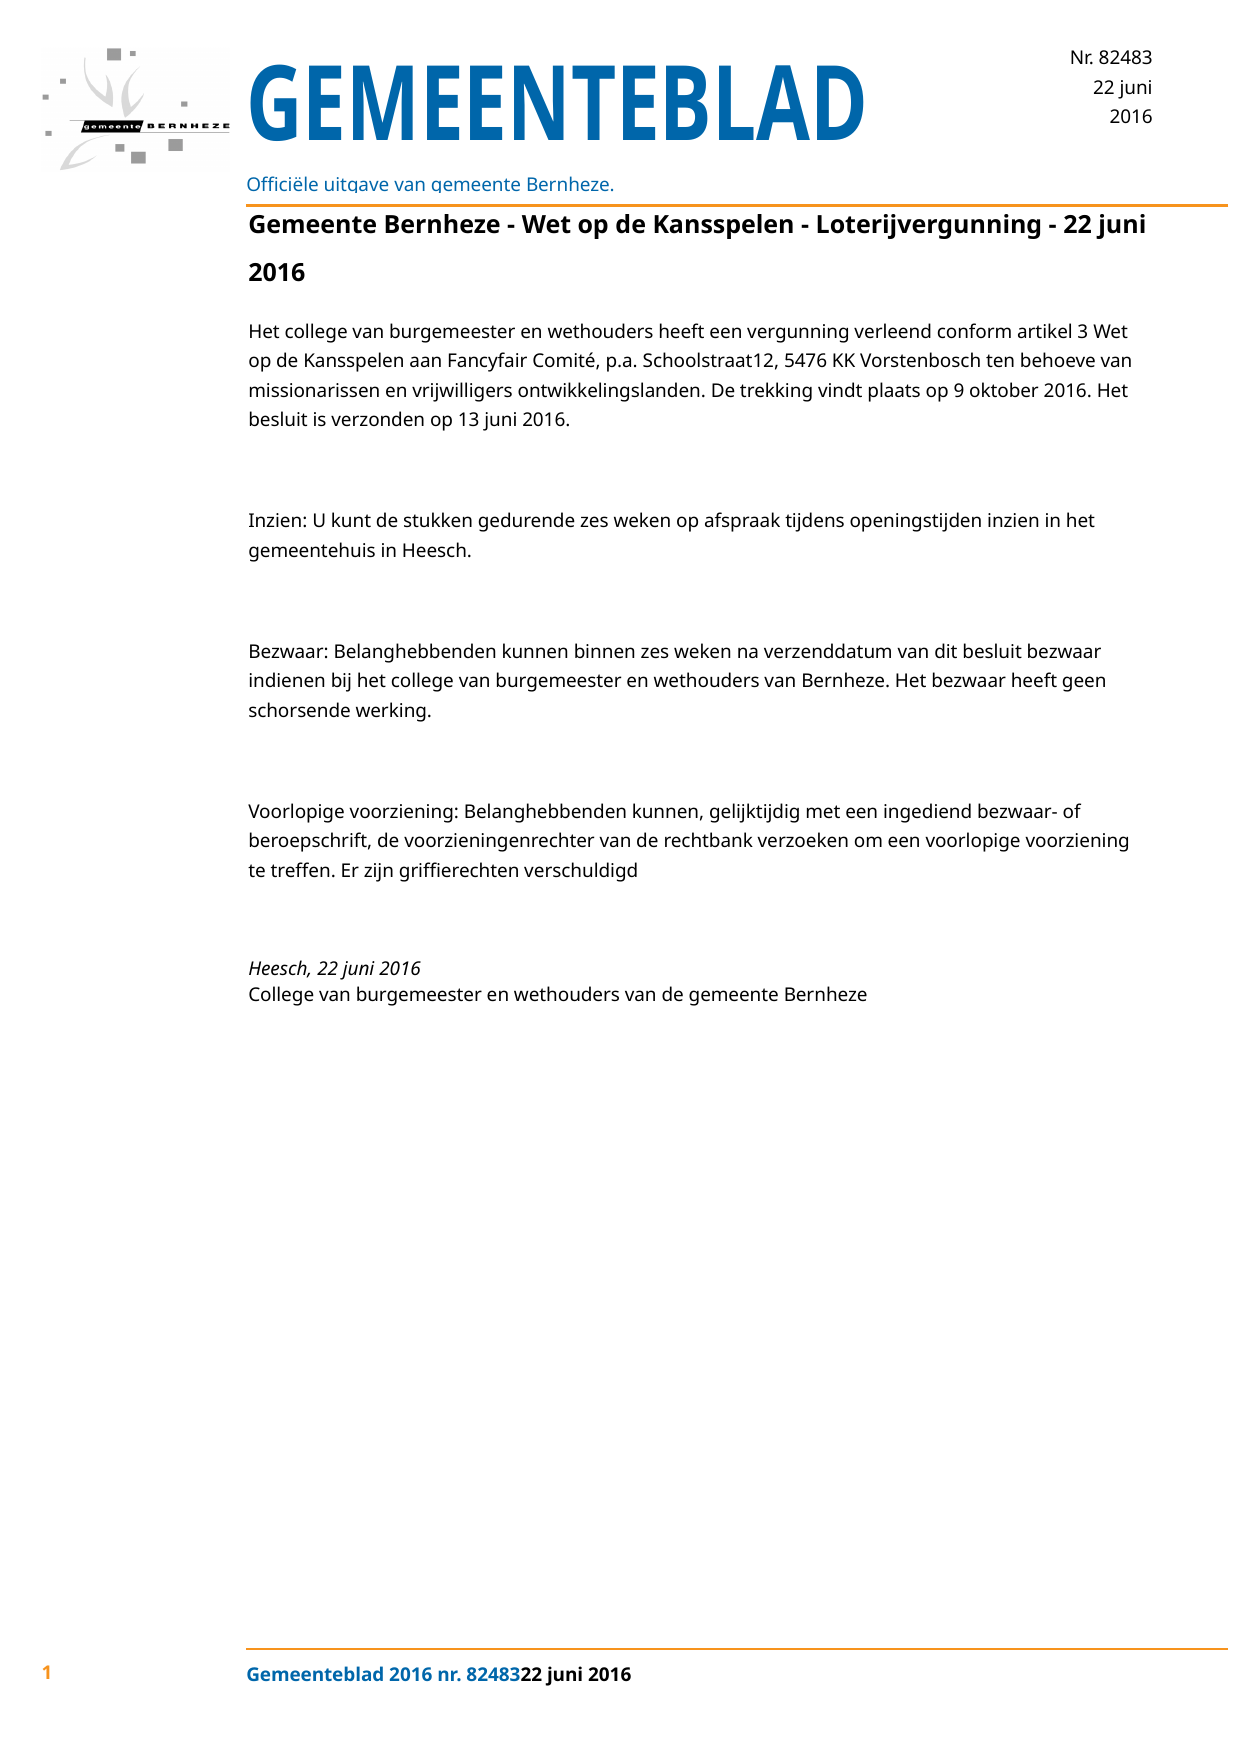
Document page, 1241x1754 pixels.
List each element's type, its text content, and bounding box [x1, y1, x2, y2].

text College van burgemeester en wethouders van de gemeente Bernheze [248, 981, 1152, 1007]
picture [41, 47, 231, 172]
text Bezwaar: Belanghebbenden kunnen binnen zes weken na verzenddatum van dit besluit bezwaar indienen bij het college van burgemeester en wethouders van Bernheze. Het bezwaar heeft geen schorsende werking. [248, 638, 1152, 723]
text Inzien: U kunt de stukken gedurende zes weken op afspraak tijdens openingstijden inzien in het gemeentehuis in Heesch. [248, 507, 1152, 563]
text Voorlopige voorziening: Belanghebbenden kunnen, gelijktijdig met een ingediend bezwaar- of beroepschrift, de voorzieningenrechter van de rechtbank verzoeken om een voorlopige voorziening te treffen. Er zijn griffierechten verschuldigd [248, 798, 1152, 883]
text Heesch, 22 juni 2016 [248, 955, 1152, 981]
text Het college van burgemeester en wethouders heeft een vergunning verleend conform artikel 3 Wet op de Kansspelen aan Fancyfair Comité, p.a. Schoolstraat12, 5476 KK Vorstenbosch ten behoeve van missionarissen en vrijwilligers ontwikkelingslanden. De trekking vindt plaats op 9 oktober 2016. Het besluit is verzonden op 13 juni 2016. [248, 318, 1152, 432]
text Gemeente Bernheze - Wet op de Kansspelen - Loterijvergunning - 22 juni 2016 [248, 207, 1152, 288]
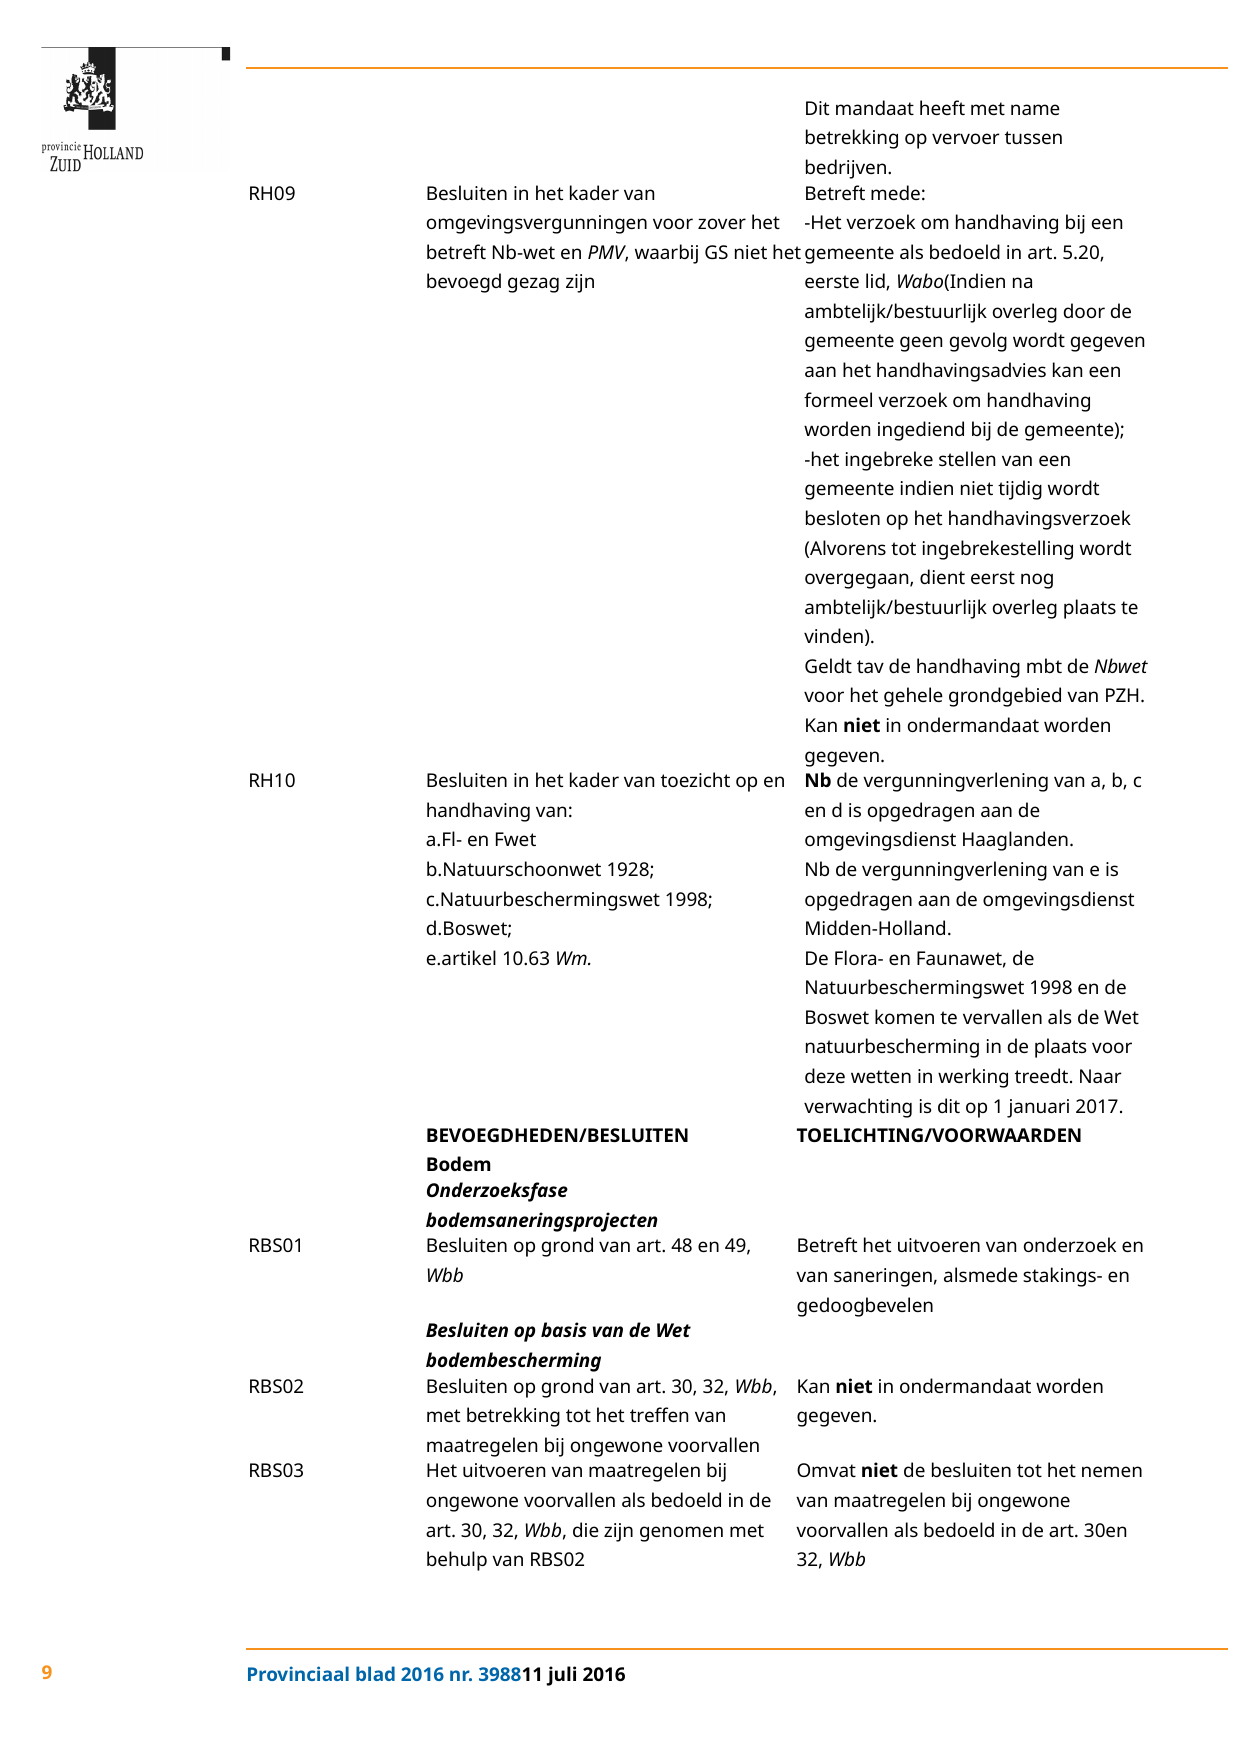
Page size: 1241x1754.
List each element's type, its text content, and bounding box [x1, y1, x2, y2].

table_cell Betreft mede: -Het verzoek om handhaving bij een gemeente als bedoeld in art. 5.20, eerste lid, Wabo(Indien na ambtelijk/bestuurlijk overleg door de gemeente geen gevolg wordt gegeven aan het handhavingsadvies kan een formeel verzoek om handhaving worden ingediend bij de gemeente); -het ingebreke stellen van een gemeente indien niet tijdig wordt besloten op het handhavingsverzoek (Alvorens tot ingebrekestelling wordt overgegaan, dient eerst nog ambtelijk/bestuurlijk overleg plaats te vinden). Geldt tav de handhaving mbt de Nbwet voor het gehele grondgebied van PZH. Kan niet in ondermandaat worden gegeven. [804, 180, 1152, 767]
table_cell [796, 1177, 1152, 1233]
table_header TOELICHTING/VOORWAARDEN [796, 1122, 1152, 1177]
table_cell [248, 1318, 426, 1373]
table_cell RH10 [248, 768, 426, 1119]
table_cell [796, 1318, 1152, 1373]
table_cell Nb de vergunningverlening van a, b, c en d is opgedragen aan de omgevingsdienst Haaglanden. Nb de vergunningverlening van e is opgedragen aan de omgevingsdienst Midden-Holland. De Flora- en Faunawet, de Natuurbeschermingswet 1998 en de Boswet komen te vervallen als de Wet natuurbescherming in de plaats voor deze wetten in werking treedt. Naar verwachting is dit op 1 januari 2017. [804, 768, 1152, 1119]
table_cell Het uitvoeren van maatregelen bij ongewone voorvallen als bedoeld in de art. 30, 32, Wbb, die zijn genomen met behulp van RBS02 [426, 1458, 796, 1572]
table_cell Dit mandaat heeft met name betrekking op vervoer tussen bedrijven. [804, 95, 1152, 180]
table_cell Omvat niet de besluiten tot het nemen van maatregelen bij ongewone voorvallen als bedoeld in de art. 30en 32, Wbb [796, 1458, 1152, 1572]
picture [41, 47, 231, 172]
table_cell Onderzoeksfase bodemsaneringsprojecten [426, 1177, 796, 1233]
table_cell [426, 95, 804, 180]
table_cell Besluiten in het kader van omgevingsvergunningen voor zover het betreft Nb-wet en PMV, waarbij GS niet het bevoegd gezag zijn [426, 180, 804, 767]
table_cell Besluiten in het kader van toezicht op en handhaving van: a.Fl- en Fwet b.Natuurschoonwet 1928; c.Natuurbeschermingswet 1998; d.Boswet; e.artikel 10.63 Wm. [426, 768, 804, 1119]
table_cell RBS01 [248, 1233, 426, 1317]
table_cell Betreft het uitvoeren van onderzoek en van saneringen, alsmede stakings- en gedoogbevelen [796, 1233, 1152, 1317]
table_cell Besluiten op grond van art. 30, 32, Wbb, met betrekking tot het treffen van maatregelen bij ongewone voorvallen [426, 1373, 796, 1458]
table_header BEVOEGDHEDEN/BESLUITEN Bodem [426, 1122, 796, 1177]
table_header [248, 1122, 426, 1177]
table_cell RBS03 [248, 1458, 426, 1572]
table_cell RH09 [248, 180, 426, 767]
table_cell Besluiten op grond van art. 48 en 49, Wbb [426, 1233, 796, 1317]
table_cell Kan niet in ondermandaat worden gegeven. [796, 1373, 1152, 1458]
table_cell RBS02 [248, 1373, 426, 1458]
table_cell Besluiten op basis van de Wet bodembescherming [426, 1318, 796, 1373]
table_cell [248, 1177, 426, 1233]
table_cell [248, 95, 426, 180]

-*-

• [What to produce]: When you reach the line holding "table_cell RH10 [248, 768, 426, 1119]" in the records above, begin reproducing exactly, stop after the line holding "table_cell Nb de", and output nothing else.

• [Answer box]:
table_cell RH10 [248, 768, 426, 1119]
table_cell [796, 1318, 1152, 1373]
table_cell Nb de vergunningverlening van a, b, c en d is opgedragen aan de omgevingsdienst Haaglanden. Nb de vergunningverlening van e is opgedragen aan de omgevingsdienst Midden-Holland. De Flora- en Faunawet, de Natuurbeschermingswet 1998 en de Boswet komen te vervallen als de Wet natuurbescherming in de plaats voor deze wetten in werking treedt. Naar verwachting is dit op 1 januari 2017. [804, 768, 1152, 1119]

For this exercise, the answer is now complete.